Up another level is the student accommodation in the Norman Gallery, but this is off limits to tours. “The rooms are beautiful, but access to bathrooms is not great,” Marczewska confides. More students are housed in the old keep, with an enviable view across Palace Green toward the cathedral.
At the end of the Tunstall Gallery is the Tunstall Chapel. Built during the first days of the Reformation, like all areas of the castle, it is still used by modern students. Less used is the Norman chapel underneath. Historians are still arguing about whether this was the original chapel, or an undercroft or crypt that survived when the original place of worship was superseded by the Tunstall Chapel. Whatever the case, it is an atmospheric spot still used for church services, theatrical performances and concerts.
The new university did not just take over the old castle. Over the next few years, the university’s reach spread into buildings which were constructed during the heyday of Durham’s Prince-Bishops. The second university college, Hatfield College, partly occupies a 17th-century inn, while St. Chad’s College, St. John’s College and St. Cuthbert’s Society are housed in decadent Georgian townhouses. An amble along North Bailey and South Bailey, streets whose names indicate that this whole area was once part of the castle, takes in each of these places of learning.
Durham is a straight-line trip from London. By road, take the M1 north and keep following as it turns into the A1(M) at Leeds. Alternatively, take the direct train from King’s Cross (eastcoast.co.uk).

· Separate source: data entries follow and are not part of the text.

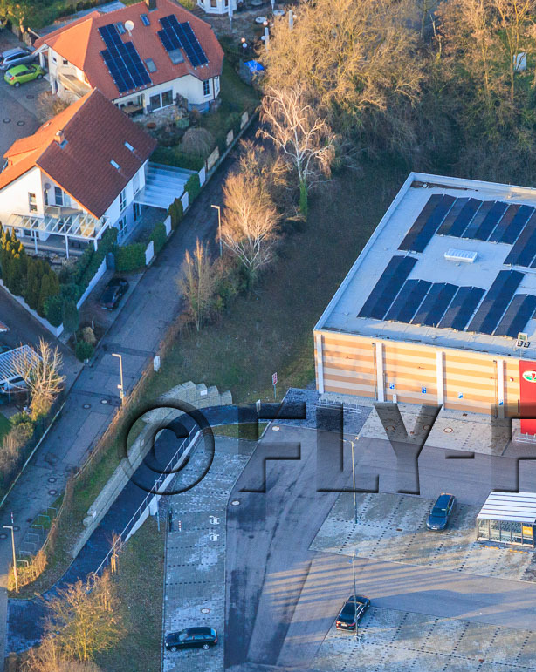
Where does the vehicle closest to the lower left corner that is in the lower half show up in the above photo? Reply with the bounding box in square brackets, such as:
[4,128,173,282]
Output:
[160,625,222,653]
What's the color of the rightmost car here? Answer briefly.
blue
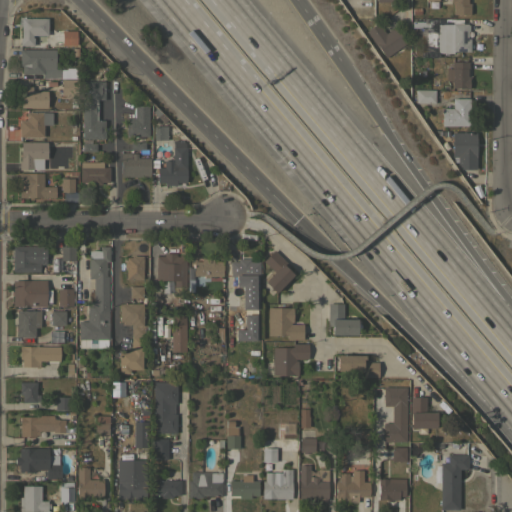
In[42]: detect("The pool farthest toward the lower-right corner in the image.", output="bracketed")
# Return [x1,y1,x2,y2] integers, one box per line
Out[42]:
[420,454,434,479]
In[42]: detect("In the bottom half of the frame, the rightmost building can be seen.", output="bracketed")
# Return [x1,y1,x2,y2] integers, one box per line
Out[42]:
[437,454,472,512]
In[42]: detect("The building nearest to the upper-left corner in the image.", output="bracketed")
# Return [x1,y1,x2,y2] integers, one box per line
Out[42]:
[22,18,50,46]
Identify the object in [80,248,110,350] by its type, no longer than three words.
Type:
building
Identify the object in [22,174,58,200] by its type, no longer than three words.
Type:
house
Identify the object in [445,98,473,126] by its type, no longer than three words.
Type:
house
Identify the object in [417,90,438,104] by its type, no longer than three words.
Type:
building
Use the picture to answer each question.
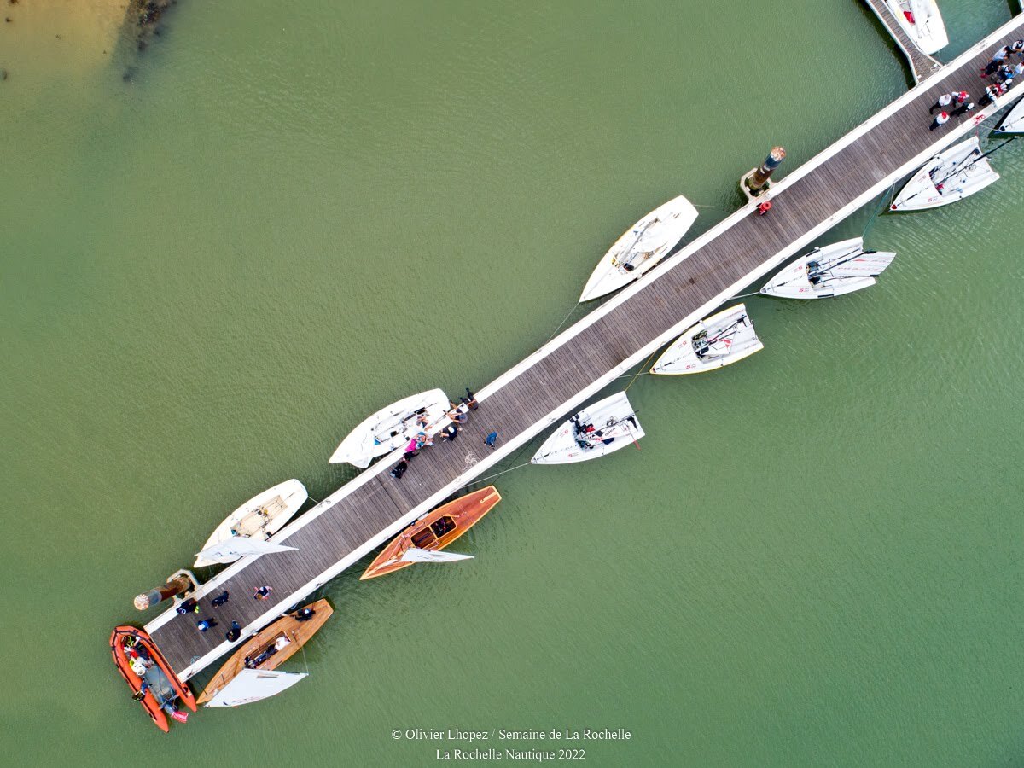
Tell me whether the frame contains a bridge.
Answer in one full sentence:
No, I can see no bridge in this picture.
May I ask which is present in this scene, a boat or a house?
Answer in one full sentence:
It is a boat that can be seen here.
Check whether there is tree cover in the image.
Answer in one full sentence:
No, the picture contains no tree cover.
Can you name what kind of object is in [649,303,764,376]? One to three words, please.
boat
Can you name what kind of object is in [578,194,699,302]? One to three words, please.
boat
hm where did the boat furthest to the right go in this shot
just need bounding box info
[998,98,1024,136]
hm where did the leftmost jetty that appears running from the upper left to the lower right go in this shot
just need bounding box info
[864,0,945,86]
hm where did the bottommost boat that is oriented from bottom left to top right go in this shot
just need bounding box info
[197,598,335,706]
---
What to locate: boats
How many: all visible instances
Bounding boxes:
[328,389,451,467]
[760,236,896,300]
[578,194,699,302]
[194,480,311,568]
[112,626,196,732]
[530,391,645,465]
[998,98,1024,136]
[889,135,1016,212]
[359,485,501,580]
[649,303,764,376]
[197,598,335,706]

There are plenty of hotels to stay in around the city, but a visitor looking for the authentic World Heritage Site experience should consider staying in one of the state rooms at Durham Castle (dur.ac.uk/event.durham/tourism). Other colleges also offer bed and breakfast, especially during university vacations.
Information about visiting Durham Cathedral and Durham Castle can be found on their websites (durhamcathedral.co.uk and dur.ac.uk). Opening times and tours may vary depending on the time of year and sundry special events, so be sure to check in advance. Both are also featured on the dedicated Durham World Heritage Site website (durhamworldheritagesite.com).
The dean of the Cathedral sums it up well. “The university is a child of the cathedral, and there has always been a close relationship between the two. We are very close partners.”